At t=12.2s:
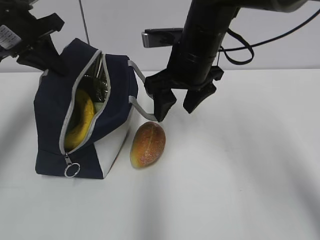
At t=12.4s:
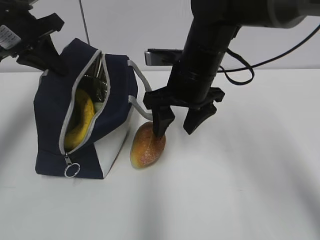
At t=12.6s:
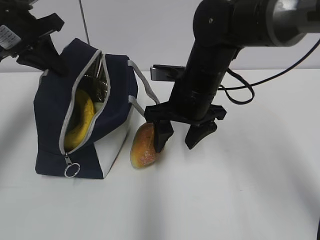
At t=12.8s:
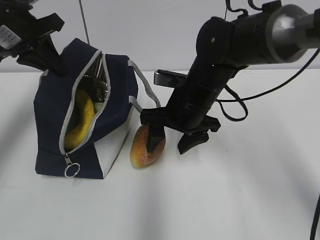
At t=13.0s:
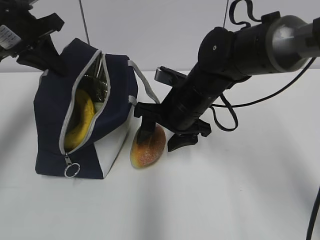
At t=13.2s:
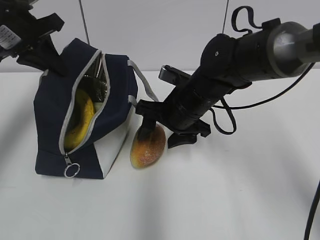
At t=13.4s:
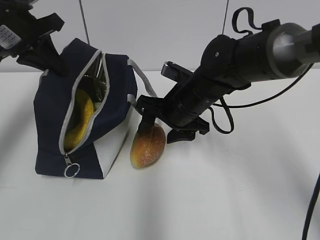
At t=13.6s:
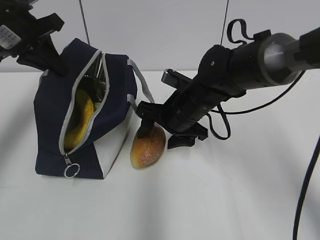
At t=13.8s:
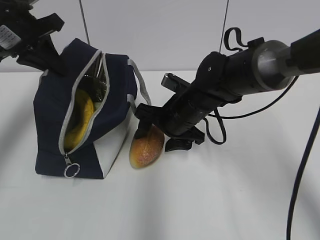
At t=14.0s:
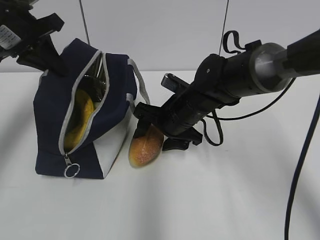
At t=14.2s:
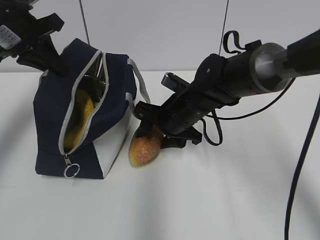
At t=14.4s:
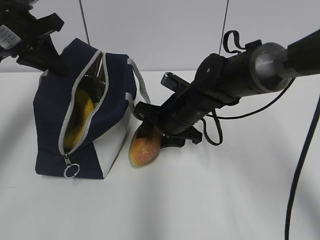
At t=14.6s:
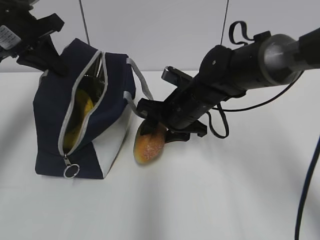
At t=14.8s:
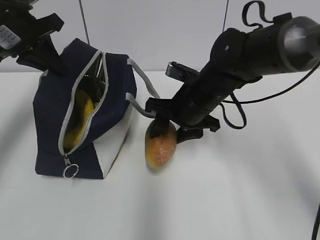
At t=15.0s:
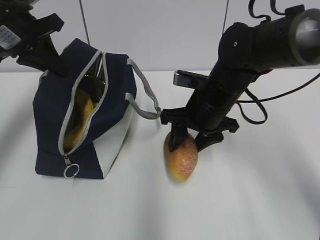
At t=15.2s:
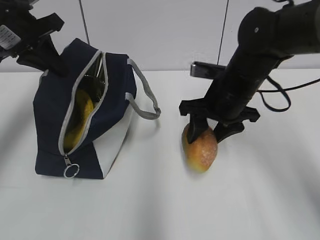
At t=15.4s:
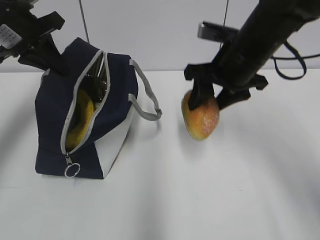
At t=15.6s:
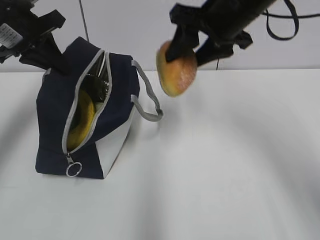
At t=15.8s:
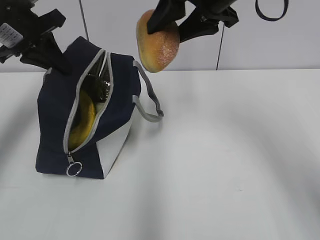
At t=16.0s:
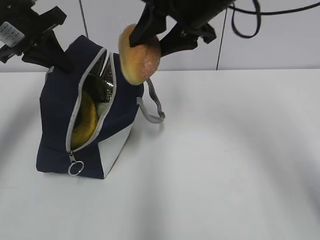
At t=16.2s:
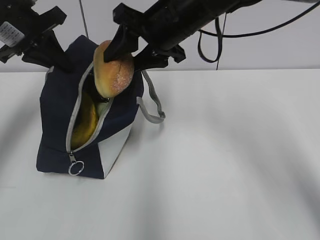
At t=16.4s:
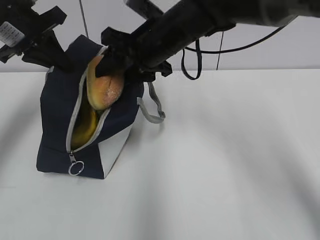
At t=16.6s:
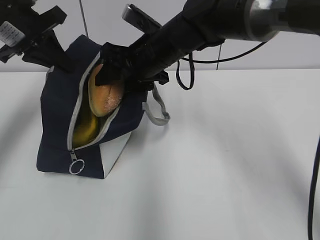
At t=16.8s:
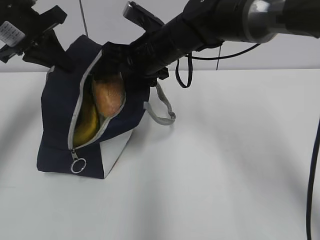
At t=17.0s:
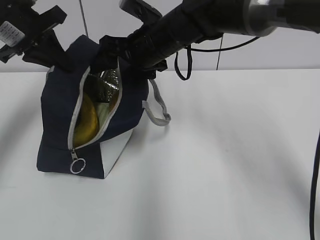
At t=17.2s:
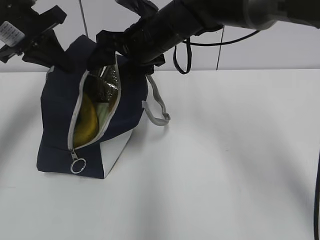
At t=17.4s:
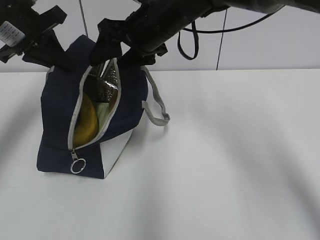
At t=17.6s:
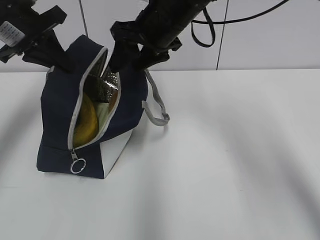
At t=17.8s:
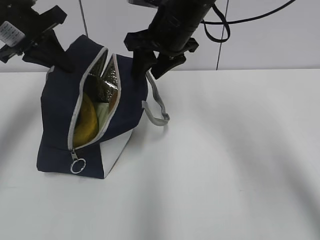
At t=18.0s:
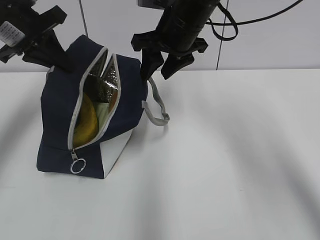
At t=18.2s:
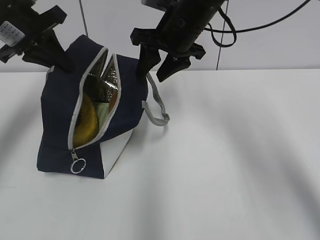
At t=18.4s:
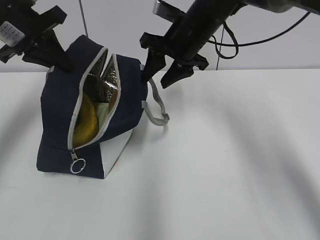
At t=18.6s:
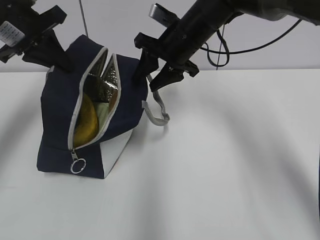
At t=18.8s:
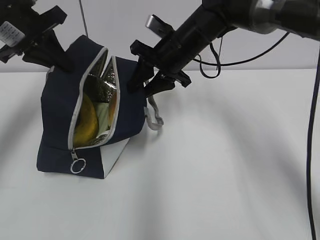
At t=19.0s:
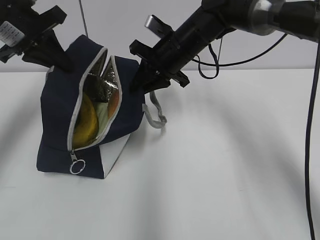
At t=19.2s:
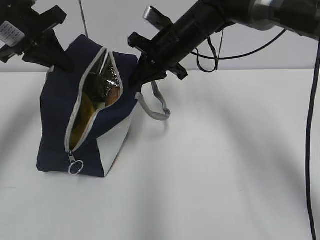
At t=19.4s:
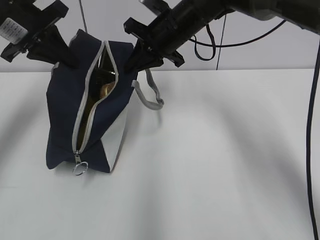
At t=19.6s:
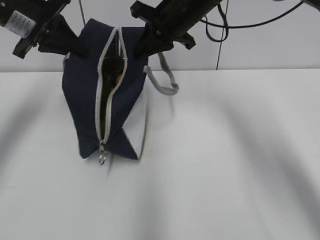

++++++

Could you transcribe every entry above exactly, leaving out the images?

[ANSWER FOR THE TASK]
At t=12.2s:
At t=12.4s:
At t=12.6s:
At t=12.8s:
At t=13.0s:
At t=13.2s:
At t=13.4s:
At t=13.6s:
At t=13.8s:
At t=14.0s:
At t=14.2s:
At t=14.4s:
At t=14.6s:
At t=14.8s:
At t=15.0s:
At t=15.2s:
At t=15.4s:
At t=15.6s:
At t=15.8s:
At t=16.0s:
At t=16.2s:
At t=16.4s:
At t=16.6s:
At t=16.8s:
At t=17.0s:
At t=17.2s:
At t=17.4s:
At t=17.6s:
At t=17.8s:
At t=18.0s:
At t=18.2s:
At t=18.4s:
At t=18.6s:
At t=18.8s:
At t=19.0s:
At t=19.2s:
At t=19.4s:
At t=19.6s:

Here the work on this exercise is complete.